American physicist (1942–2015)

Angelita Castro Kelly (born Angelita Albano Castro, August 26, 1942 - June 7, 2015) was a space scientist and physicist. She is the first female Mission Operations Manager (MOM) of NASA. She spearheaded and supervised the Earth Observing System missions during its developmental stage.

Castro was born in Jones, Isabela in 1942, but she grew up in Sampaloc, Manila. Her mother was pharmacist Eufemia Albano and her father was Dr. Miguel Castro, who served as Captain of United States Army Forces in the Far East until he was killed in World War II. She was the youngest of seven children.

When she moved to the US to pursue her education, she met fellow physicist Dr. Francis Kelly whom she eventually married.

==Education==
Castro was reportedly very active in school activities, such as debates, quizzes, contests, and student organizations. In 1962, she acquired a bachelor's degree in Mathematics and Physics at the University of Santo Tomas where she graduated summa cum laude. Afterwards, she moved to the US to further her education. She obtained a master's degree in physics from the University of Maryland.

==NASA==
Castro worked at NASA for 37 years, from 1977 to 2015. In 1977, she began as a data analyst of the team that planned and executed the Goddard Space Flight Center (GSFC) Spacelab Data Processing Facility (SLDPF).
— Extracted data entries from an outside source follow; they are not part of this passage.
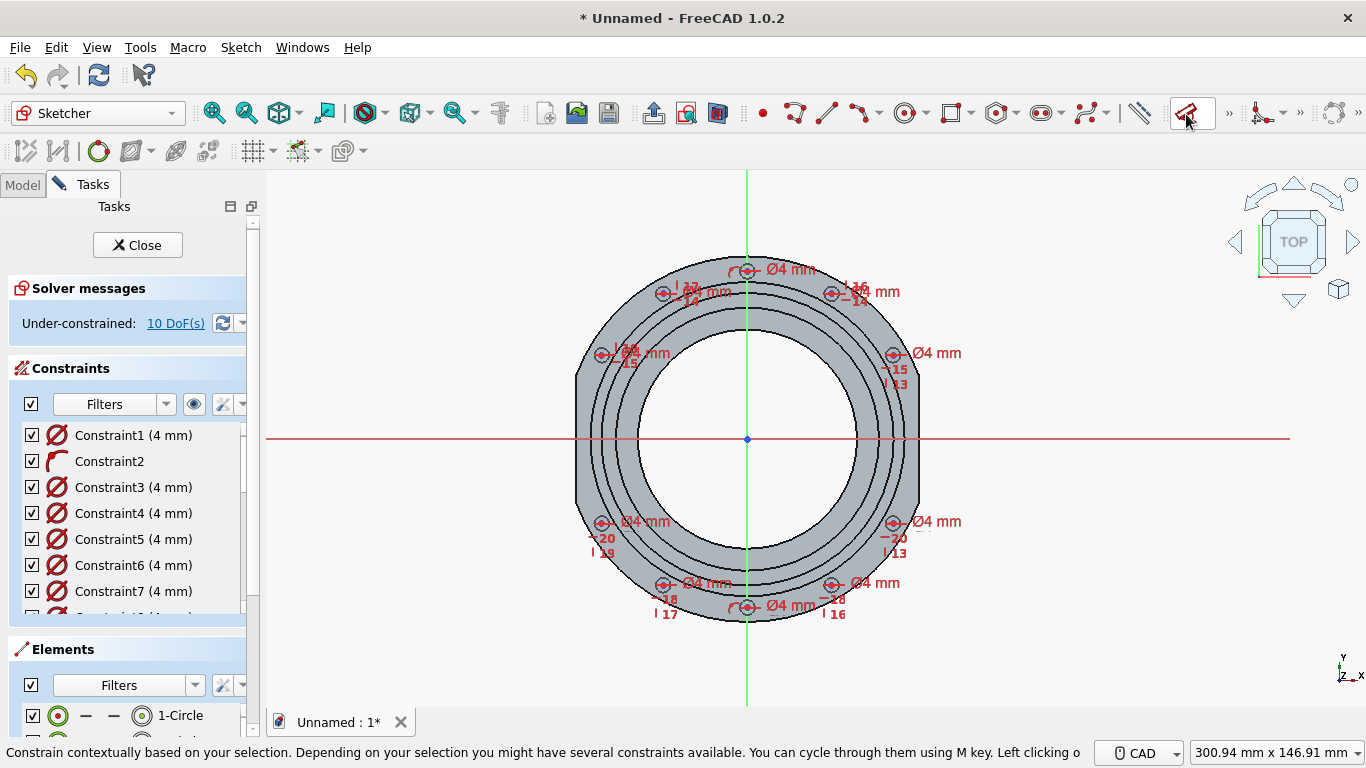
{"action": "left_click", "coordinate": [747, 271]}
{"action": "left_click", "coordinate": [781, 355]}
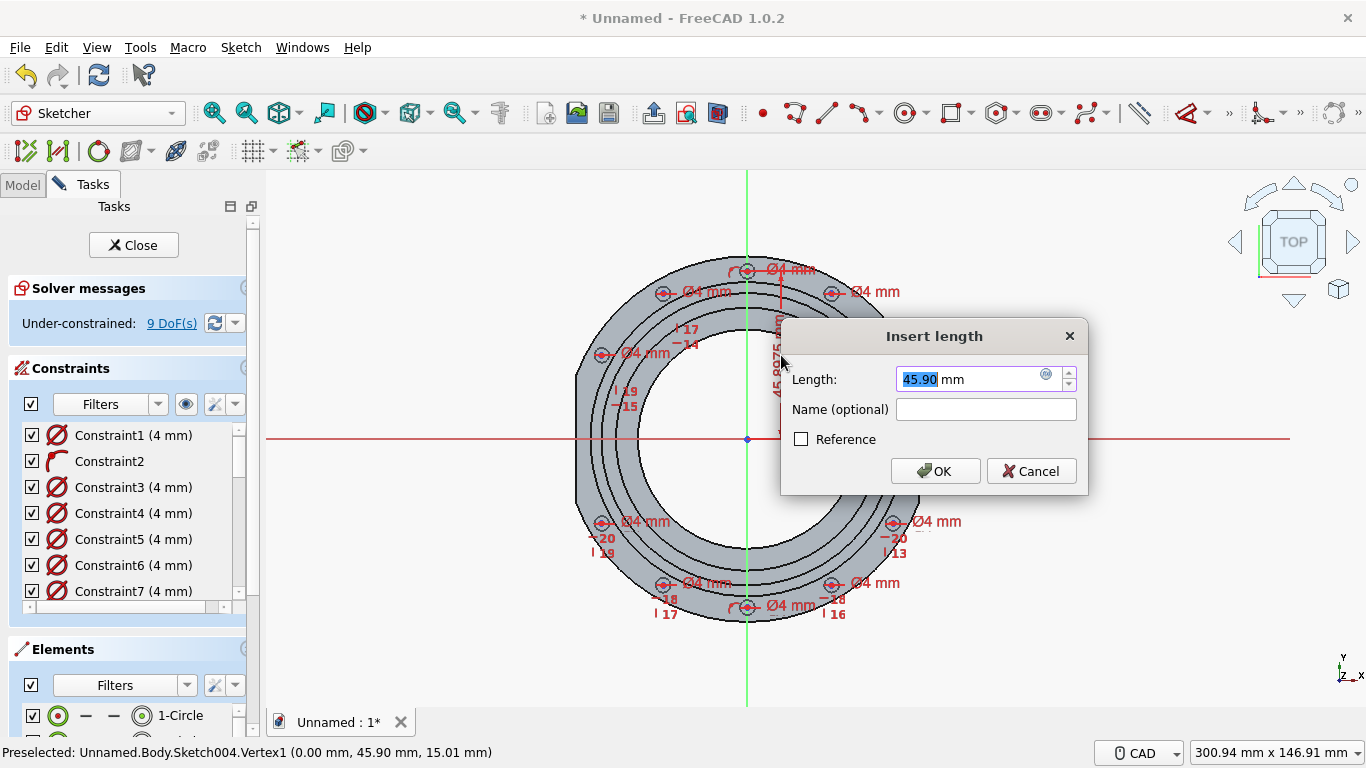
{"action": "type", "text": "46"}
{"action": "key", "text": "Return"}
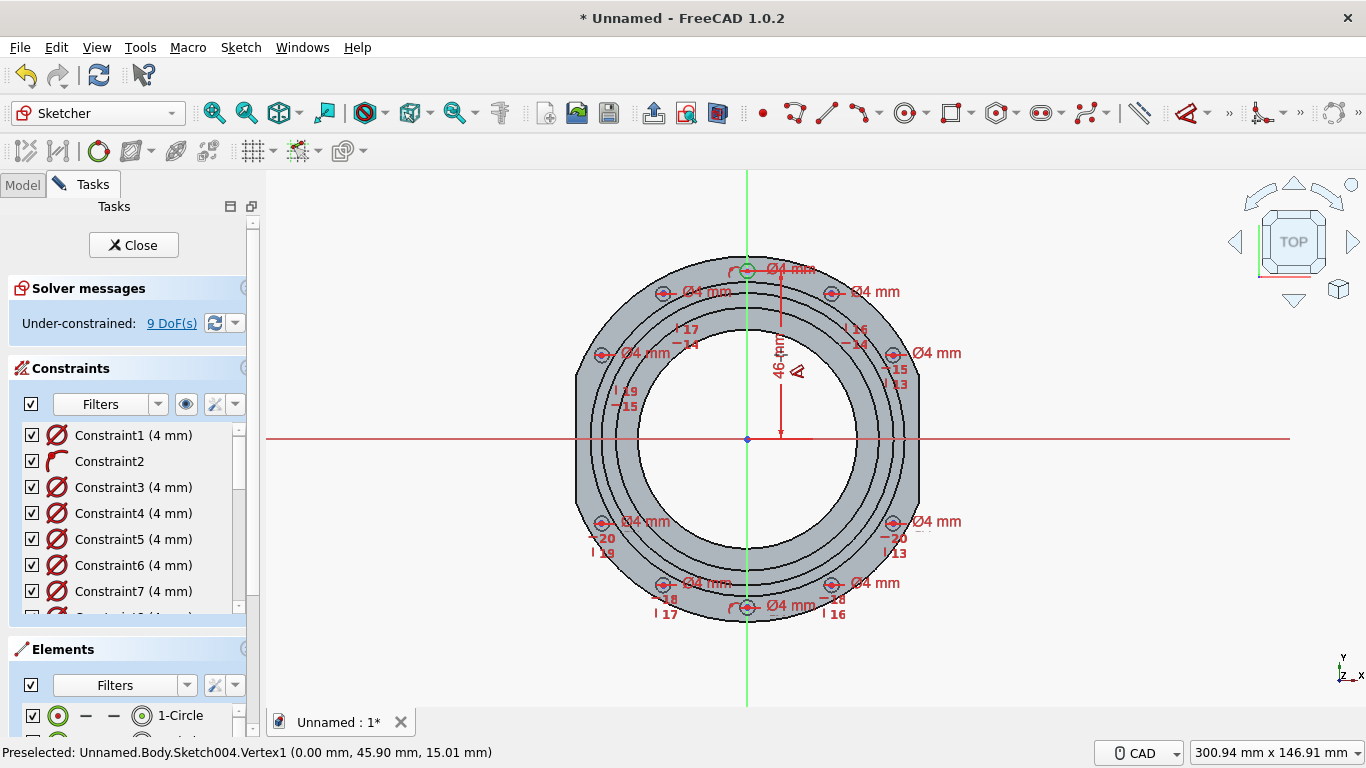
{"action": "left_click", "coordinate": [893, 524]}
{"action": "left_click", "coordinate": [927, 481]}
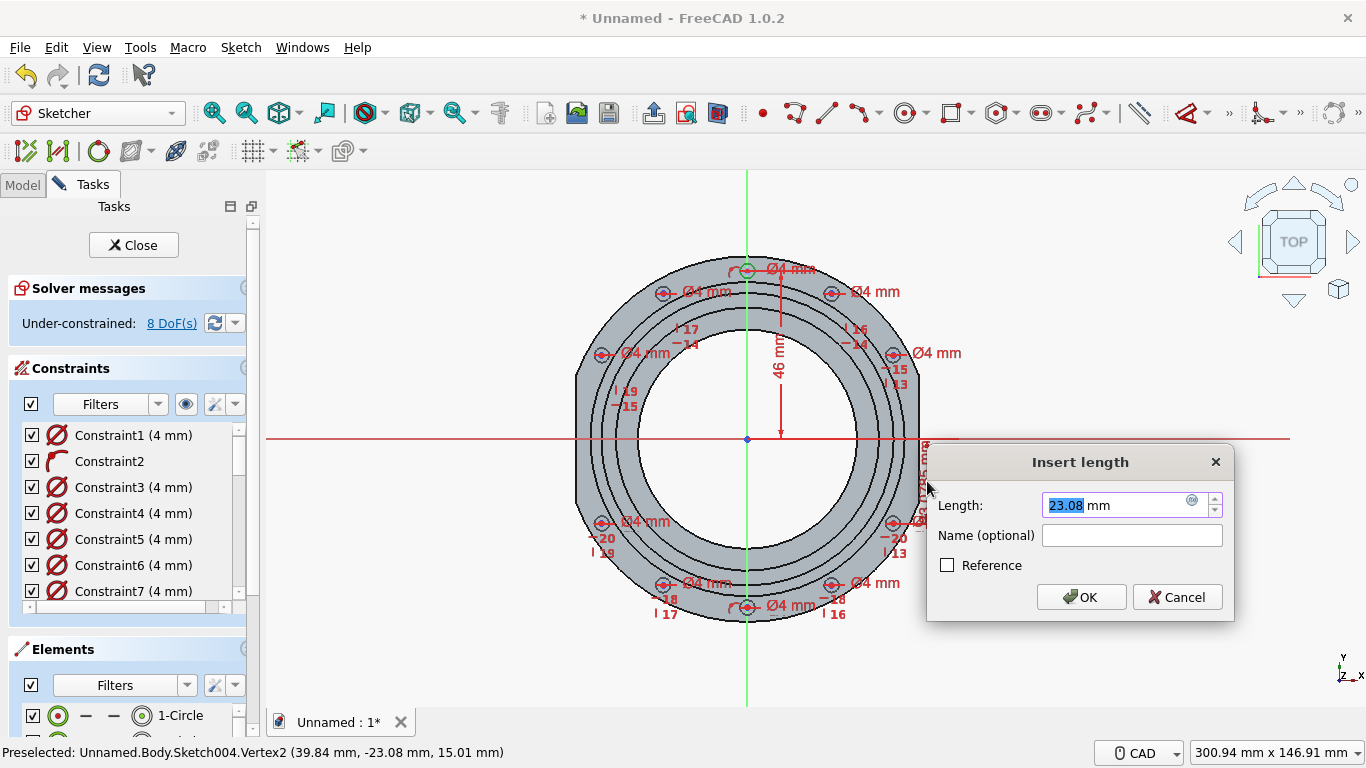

The SPDF is a core space shuttle mission that aims to investigate microgravity, solar physics, crystal growth, and other scientific inquiries.
In 1990, she became the first female Mission Operations Manager of the Earth Observing System (EOS) project. It was a vital constituent of the Earth Science Enterprise program of NASA. She supervised the developmental stage of the three EOS missions: terra, aqua, and aura. Castro developed the operations concept of EOS, containing the EOS memoranda, among others. It became the basis of all EOS missions.
Half of her 12 years service to NASA, she served a dual role as she also became the Earth Science Constellation Manager.

Working in a room full of men, Castro recounted initially experiencing hostility from a few coworkers until she garnered their trust and respect by showing she is as adept and capable.

==Death==
Castro suffered lupus until she succumbed to its complications on June 7, 2015. She was 73.

==Awards==
In 2006, Castro was granted the Goddard Space Flight Center Exceptional Service Award. In 2007, 2008, and 2009, she received the NASA Exceptional Achievement Medal. She is also a recipient of the Austronauts' Manned Flight Program Launch Honoree, Astronauts’ Manned Flight “Snoopy” Award, Flight Project's “Mission Impossible” award, GSFC Exceptional Performance Award, and NASA Honor Group Achievement Award for the Constellation Mission Operations Working Group.